Na trama, somos apresentados a um mundo que vampiros existem e são caçados, acompanhamos a trope já famosa da “dupla improvável” de Jamie Foxx como Bud Jablonski, um limpador de piscinas que trabalha um segundo turno caçando as criaturas da noite e Dave Franco como Seth, um representante de sindicato. A direção de Perry consegue ser interativa, nos entregando uma comédia física que encaixa muito bem no que o longa quer nos passar, o diretor brinca com os conceitos de gore e tira o máximo de proveito com a quantidade de tripas, acrobacias e sangue na nossa tela. Porém, mesmo com uma competência minimamente charmosa por trás das câmeras, o longa peca muito em nos entregar o mínimo de sabor.

Netflix/ Divulgação

Não existem muitas explicações para a existência dos sugadores de sangue neste universo, não que seja necessário, a trama está muito mais focada em, como dito no início, se divertir com sua própria ideia absurda e nos entregar um entretenimento simples mas eficiente.

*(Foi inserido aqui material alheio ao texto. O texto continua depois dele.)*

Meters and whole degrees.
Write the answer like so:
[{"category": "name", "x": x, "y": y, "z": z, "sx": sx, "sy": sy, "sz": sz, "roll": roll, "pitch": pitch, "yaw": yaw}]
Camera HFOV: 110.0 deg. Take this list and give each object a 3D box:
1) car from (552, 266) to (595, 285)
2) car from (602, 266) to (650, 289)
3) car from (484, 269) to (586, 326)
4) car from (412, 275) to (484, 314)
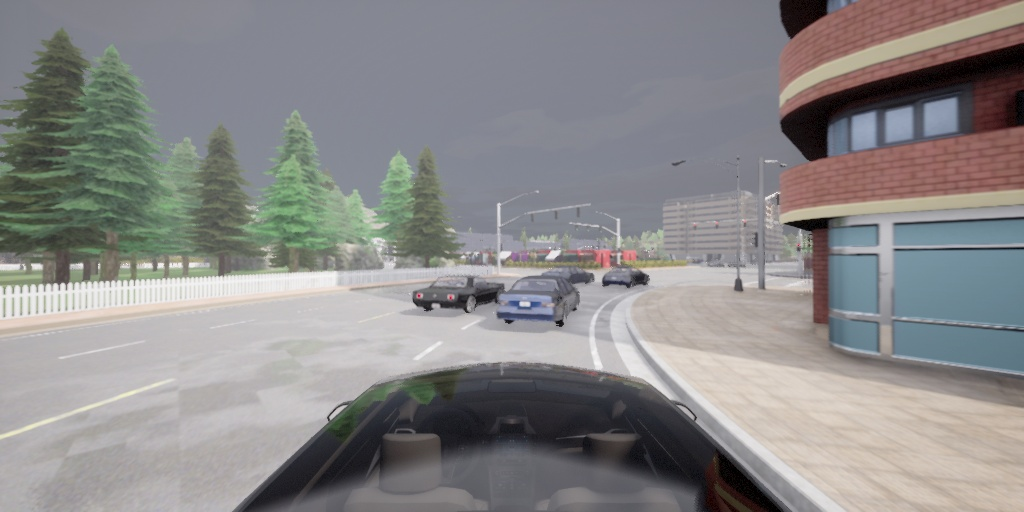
[{"category": "car", "x": 4.004, "y": 1.394, "z": 25.474, "sx": 2.033, "sy": 1.411, "sz": 5.357, "roll": 0, "pitch": 0, "yaw": 38}, {"category": "car", "x": 7.853, "y": 1.405, "z": 24.591, "sx": 1.994, "sy": 1.385, "sz": 4.181, "roll": 0, "pitch": 0, "yaw": 40}, {"category": "car", "x": 1.074, "y": 1.339, "z": 11.983, "sx": 2.033, "sy": 1.411, "sz": 5.357, "roll": 0, "pitch": 0, "yaw": 17}, {"category": "car", "x": -1.834, "y": 1.402, "z": 14.176, "sx": 1.895, "sy": 1.301, "sz": 4.718, "roll": 0, "pitch": 0, "yaw": 19}]
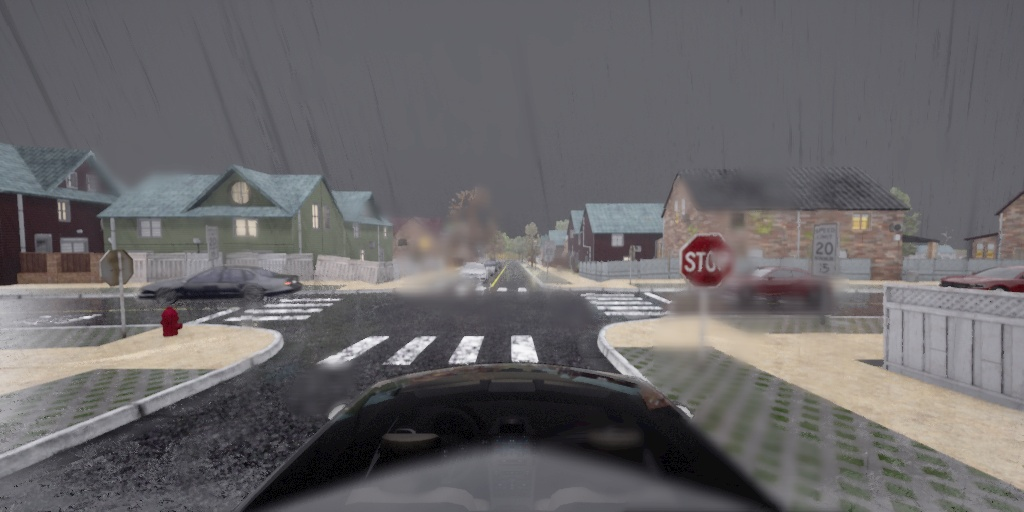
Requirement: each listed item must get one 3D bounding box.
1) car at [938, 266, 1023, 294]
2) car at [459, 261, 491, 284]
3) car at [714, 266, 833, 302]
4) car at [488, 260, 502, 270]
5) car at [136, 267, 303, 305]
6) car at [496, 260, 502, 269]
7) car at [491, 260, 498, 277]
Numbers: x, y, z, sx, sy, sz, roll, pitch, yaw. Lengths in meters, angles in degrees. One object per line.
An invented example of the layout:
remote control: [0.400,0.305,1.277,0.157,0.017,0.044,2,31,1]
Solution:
car: [21.828,1.178,15.534,5.008,1.535,1.882,0,3,6]
car: [-2.732,1.263,26.865,1.812,1.442,4.674,0,0,-1]
car: [11.719,1.191,16.236,4.674,1.442,1.812,0,3,2]
car: [-2.634,1.351,55.861,1.994,1.385,4.181,0,0,1]
car: [-11.916,1.171,15.020,5.357,1.411,2.033,0,3,-13]
car: [-2.707,1.312,45.867,2.033,1.411,5.357,0,0,0]
car: [-2.740,1.348,36.077,1.895,1.301,4.718,0,0,0]
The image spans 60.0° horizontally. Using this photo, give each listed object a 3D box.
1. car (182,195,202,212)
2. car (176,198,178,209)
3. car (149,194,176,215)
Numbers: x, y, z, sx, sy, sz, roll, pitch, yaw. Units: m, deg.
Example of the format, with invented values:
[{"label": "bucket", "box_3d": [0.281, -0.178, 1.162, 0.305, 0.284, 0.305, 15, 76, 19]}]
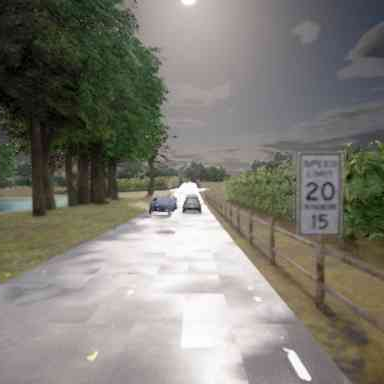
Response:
[{"label": "car", "box_3d": [-0.005, 1.318, 34.679, 1.994, 1.385, 4.181, 0, 1, 0]}, {"label": "car", "box_3d": [-2.763, 1.042, 38.391, 2.097, 1.767, 4.553, 0, 1, 0]}, {"label": "car", "box_3d": [-2.760, 1.105, 30.162, 1.882, 1.535, 5.008, 0, 1, 0]}]
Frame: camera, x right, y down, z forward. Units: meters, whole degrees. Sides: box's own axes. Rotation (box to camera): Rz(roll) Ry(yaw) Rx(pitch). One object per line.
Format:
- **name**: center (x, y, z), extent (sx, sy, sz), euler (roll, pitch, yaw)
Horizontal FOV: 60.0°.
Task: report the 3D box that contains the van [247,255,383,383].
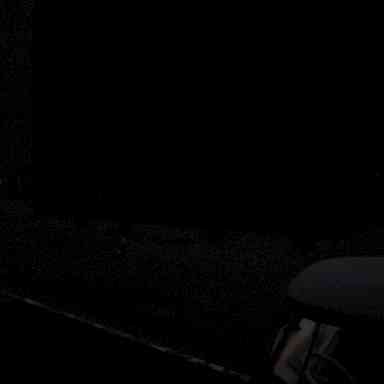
- **van**: center (2.135, 1.339, 1.439), extent (3.998, 1.788, 1.690), euler (0, 0, 36)
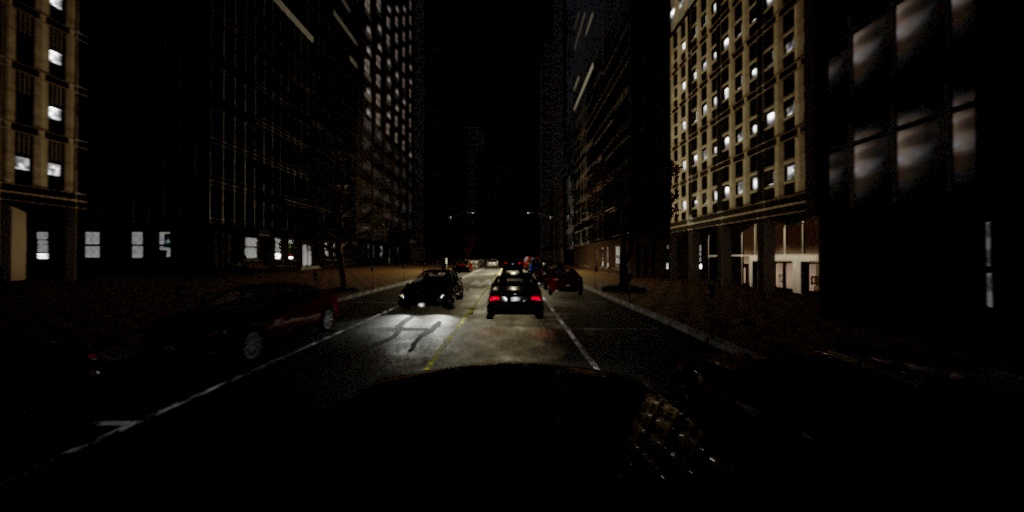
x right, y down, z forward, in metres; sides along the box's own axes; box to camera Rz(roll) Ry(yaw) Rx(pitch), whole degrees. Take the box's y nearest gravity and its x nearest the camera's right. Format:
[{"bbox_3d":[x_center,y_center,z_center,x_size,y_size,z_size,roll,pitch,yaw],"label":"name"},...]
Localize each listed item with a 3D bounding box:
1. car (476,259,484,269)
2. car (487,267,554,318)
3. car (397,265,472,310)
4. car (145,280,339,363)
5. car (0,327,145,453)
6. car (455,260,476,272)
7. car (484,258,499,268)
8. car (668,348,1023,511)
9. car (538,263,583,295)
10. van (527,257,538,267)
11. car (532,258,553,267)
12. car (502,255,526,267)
[{"bbox_3d":[-5.705,1.256,53.332,2.007,1.370,4.403,0,0,0],"label":"car"},{"bbox_3d":[0.096,1.290,12.890,2.033,1.411,5.357,0,0,0],"label":"car"},{"bbox_3d":[-3.104,1.288,14.926,2.033,1.411,5.357,0,0,0],"label":"car"},{"bbox_3d":[-5.691,1.291,8.189,1.888,1.381,4.507,0,0,0],"label":"car"},{"bbox_3d":[-5.689,1.332,2.546,1.802,1.307,4.207,0,0,0],"label":"car"},{"bbox_3d":[-5.701,1.157,42.047,1.967,1.591,4.097,0,0,0],"label":"car"},{"bbox_3d":[-3.017,1.145,57.138,1.812,1.442,4.674,0,0,0],"label":"car"},{"bbox_3d":[2.691,1.332,2.587,1.802,1.307,4.207,0,0,0],"label":"car"},{"bbox_3d":[2.686,1.282,19.512,1.888,1.381,4.507,0,0,0],"label":"car"},{"bbox_3d":[2.681,1.064,36.436,1.690,1.789,3.998,0,0,0],"label":"van"},{"bbox_3d":[2.684,1.172,25.153,1.967,1.591,4.097,0,0,0],"label":"car"},{"bbox_3d":[0.087,0.941,40.481,2.150,2.045,5.566,0,0,0],"label":"car"}]
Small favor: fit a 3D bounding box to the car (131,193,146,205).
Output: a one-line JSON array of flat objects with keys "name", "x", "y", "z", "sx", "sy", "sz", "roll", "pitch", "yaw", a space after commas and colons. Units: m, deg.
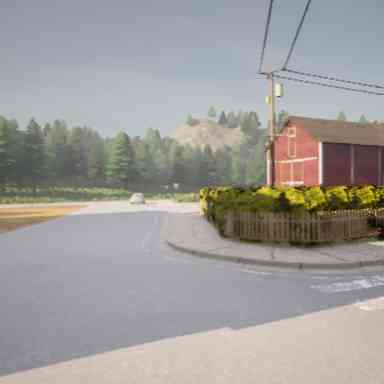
[{"name": "car", "x": -7.247, "y": 0.922, "z": 44.835, "sx": 1.812, "sy": 1.442, "sz": 4.674, "roll": -1, "pitch": 1, "yaw": -7}]
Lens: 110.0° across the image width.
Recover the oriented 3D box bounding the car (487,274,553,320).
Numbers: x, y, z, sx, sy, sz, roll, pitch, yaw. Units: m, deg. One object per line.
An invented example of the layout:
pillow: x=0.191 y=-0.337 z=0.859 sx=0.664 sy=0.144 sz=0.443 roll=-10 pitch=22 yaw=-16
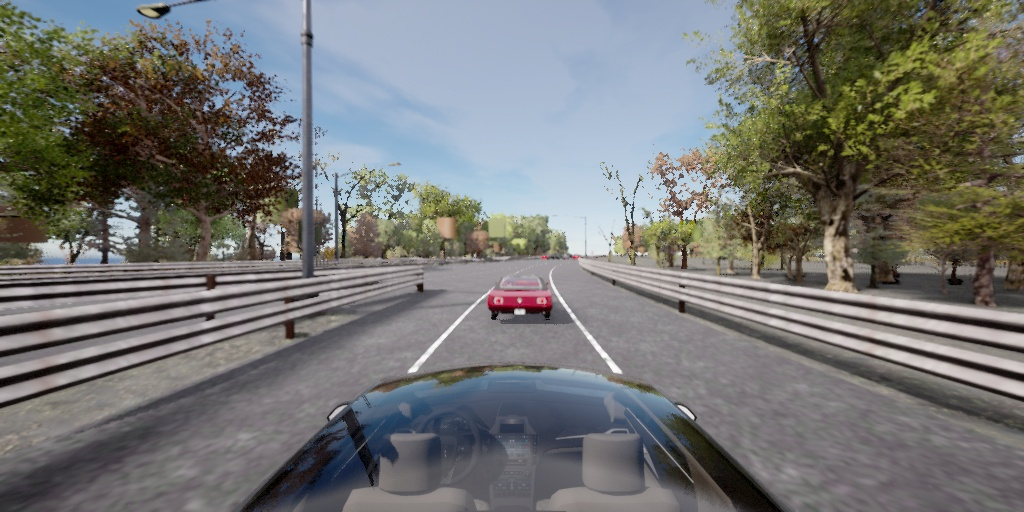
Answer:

Esta segunda parte que talvez seja o maior problema do filme, diferente de outras obras com essa visão de autoparódia como Zumbilândia, Dupla Jornada soa mais como um filme feito não por pessoas que trabalharam para nos entregar tal diversão, e sim um algoritmo que planejou elementos previamente conhecidos e colocou tudo numa trama de duas horas. Apesar de todo o ponto de “filmes farofas” ser não pensar demais sobre, a produção segue um padrão já visto em muitas outras da Netflix, usando a mesma analogia, a farofa neste caso é uma sem gosto, que você não sente o sabor em consumir e apenas seguiu um checklist do que em teoria deveria fazer um filme assim divertido para ser um sucesso.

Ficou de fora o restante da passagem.